The result should look like in Figure 2 of Branch and McGough (2009, p. 1048).
The white area should become smaller under extrapolative expectations.
My figure 2 indicates the opposite.

I strongly mistrust the computation of the eigenvalues in line 38 and 39 of my code.

I am confused by Fig. 2 of Branch and McGough (2009, p. 1048) for such a long time that it is now time to clarify whether this figure is right or wrong.

For the determinacy analysis the model is simply given by:
\begin{align} y_t &= \alpha E_t y_{t+1} + (1-\alpha)\theta^2y_{t-1} - \frac{1}{\sigma}(\chi_y E_t y_{t+1}+\chi_\pi E_t \pi_{t+1} - \alpha E_t\pi_{t+1} -(1-\alpha)\theta^2\pi_{t-1}) \\ \pi_t &= \beta\alpha E_t\pi_{t+1} + \beta(1-\alpha)\theta^2\pi_{t-1} + \lambda y_t \end{align}
which can be rearranged as
\begin{align} y_t &= \left(\alpha-\frac{\chi_y}{\sigma}\right)E_t y_{t+1} + \left(\frac{\alpha-\chi_\pi}{\sigma}\right)E_t \pi_{t+1} + (1-\alpha)\theta^2y_{t-1} + \frac{(1-\alpha)\theta^2}{\sigma}\pi_{t-1} \\ -\lambda y_t + \pi_t &= \beta \alpha E_t\pi_{t+1} + \beta(1-\alpha)\theta^2\pi_{t-1} .\end{align}
Casting this into the matrix form (equation 23 on p. 1046)
\begin{align} F x_t = BE_tx_{t+1} + Cx_{t-1}; x = \begin{pmatrix}y & \pi \end{pmatrix}'\end{align}
should give the matrices:
\begin{align} F = \begin{pmatrix} 1 & 0 \\ -\lambda & 1\end{pmatrix} ; B= \begin{pmatrix} \alpha-\frac{\chi_y}{\sigma} & \frac{\alpha-\chi_\pi}{\sigma} \\ 0 & \beta\alpha \end{pmatrix} ;C=\begin{pmatrix} (1-\alpha)\theta^2 & \frac{(1-\alpha)\theta^2}{\sigma} \\ 0 & \beta(1-\alpha)\theta^2\end{pmatrix} .\end{align}
For the determinacy analysis I just have to check the Blanchard Kahn (1980) condition for the matrix
\begin{align} M = \begin{pmatrix}B^{-1}F & -B^{-1}C \\ I_2 & 0_{2 \times 2}\end{pmatrix}\end{align}
which is eq. (24) in the paper.

In my code I decided to rely on the from AE_tx_{t+1} = B x_t instead and used generalized Schur. But no matter which representation I use, the results differ from Fig. 2 in BranchMcGough(2009).

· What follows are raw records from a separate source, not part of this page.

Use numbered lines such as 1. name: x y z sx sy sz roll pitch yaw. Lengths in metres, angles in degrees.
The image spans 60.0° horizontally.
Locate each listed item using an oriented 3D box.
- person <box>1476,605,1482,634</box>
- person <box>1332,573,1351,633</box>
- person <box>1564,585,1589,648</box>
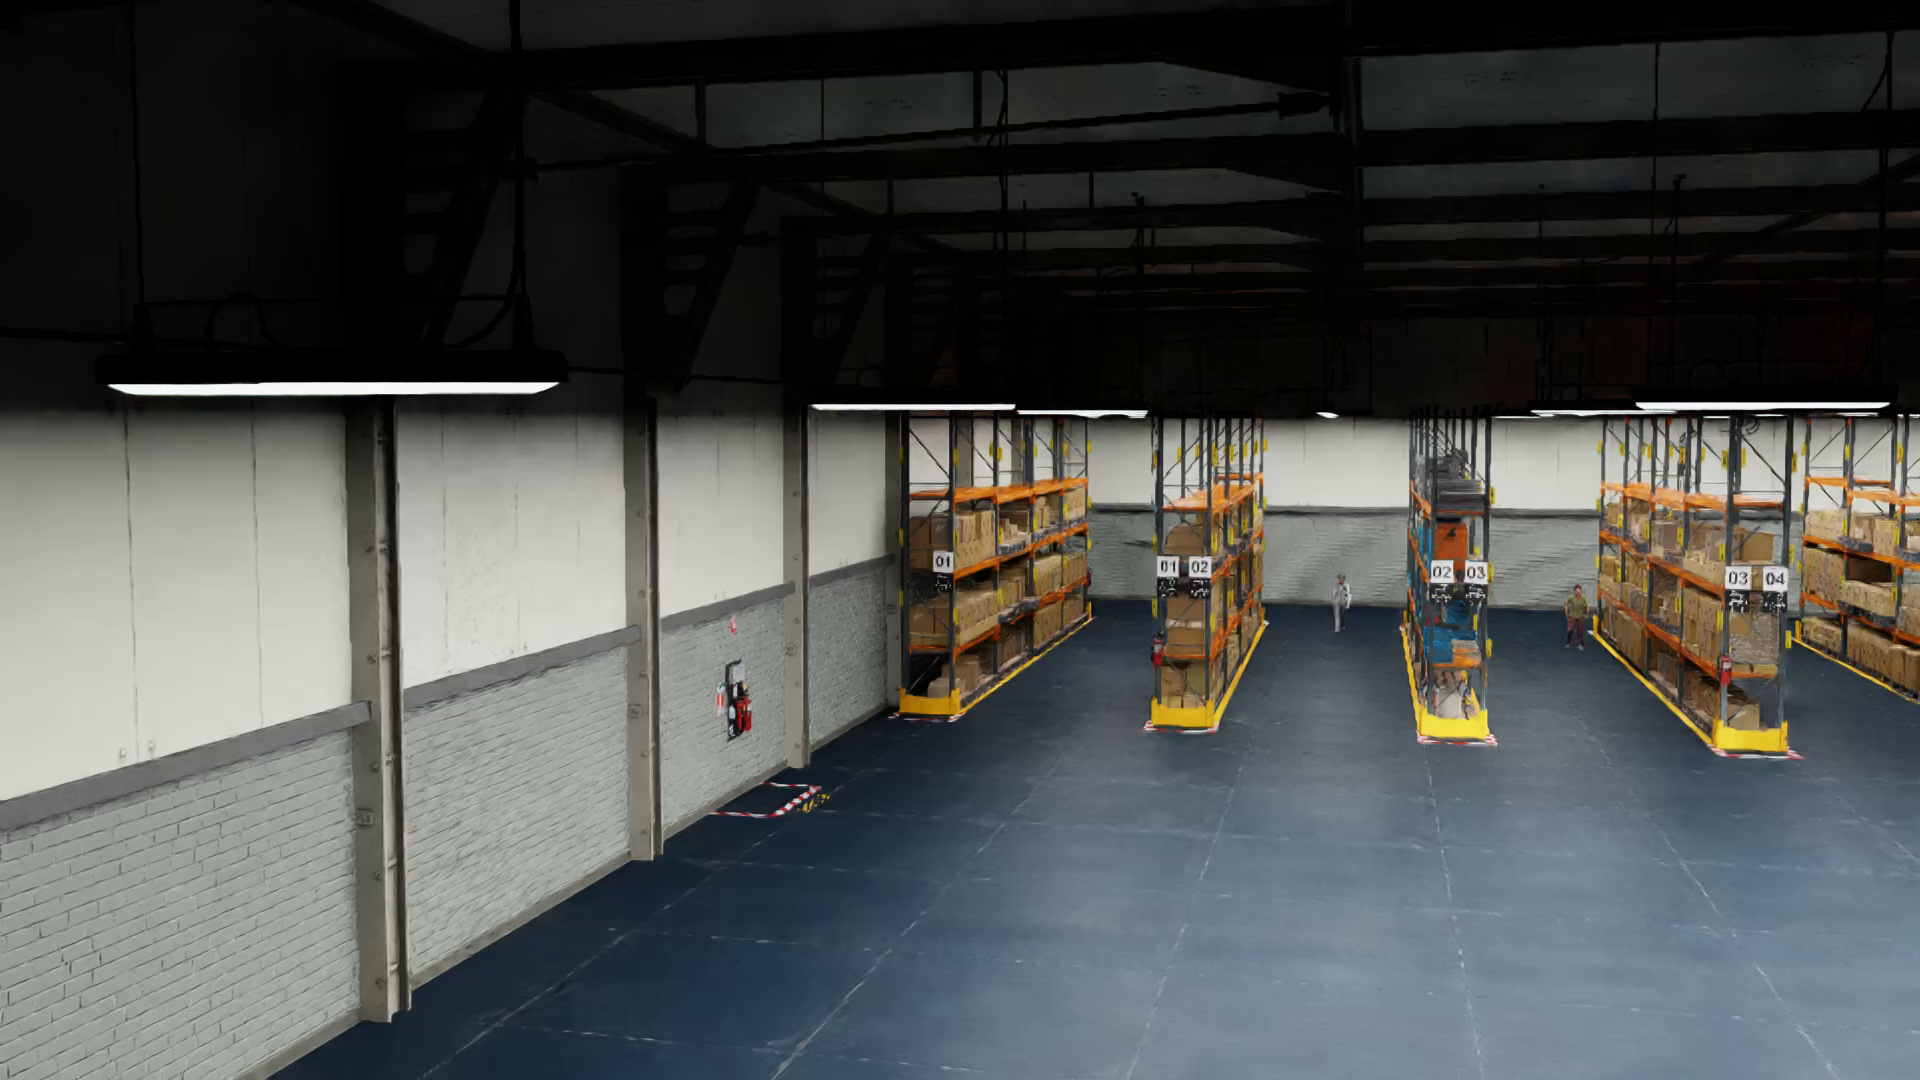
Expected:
1. person: 13.630 1.757 44.007 0.455 1.612 1.019 1 4 13
2. person: 10.317 1.684 44.967 0.488 1.590 1.089 1 4 11
3. person: 15.492 1.924 41.796 0.598 1.618 0.507 1 4 13

Here the code relying on matrix M and the eig() command: determinacy_analysis.m (1.9 KB)
Somewhat surprisingly results with matrix M and the eig() command are a bit different.

This .m file makes the different outcomes between generalized Schur and eig() clear: determinacy_analysis_genSchur_vs_eig.m (4.4 KB)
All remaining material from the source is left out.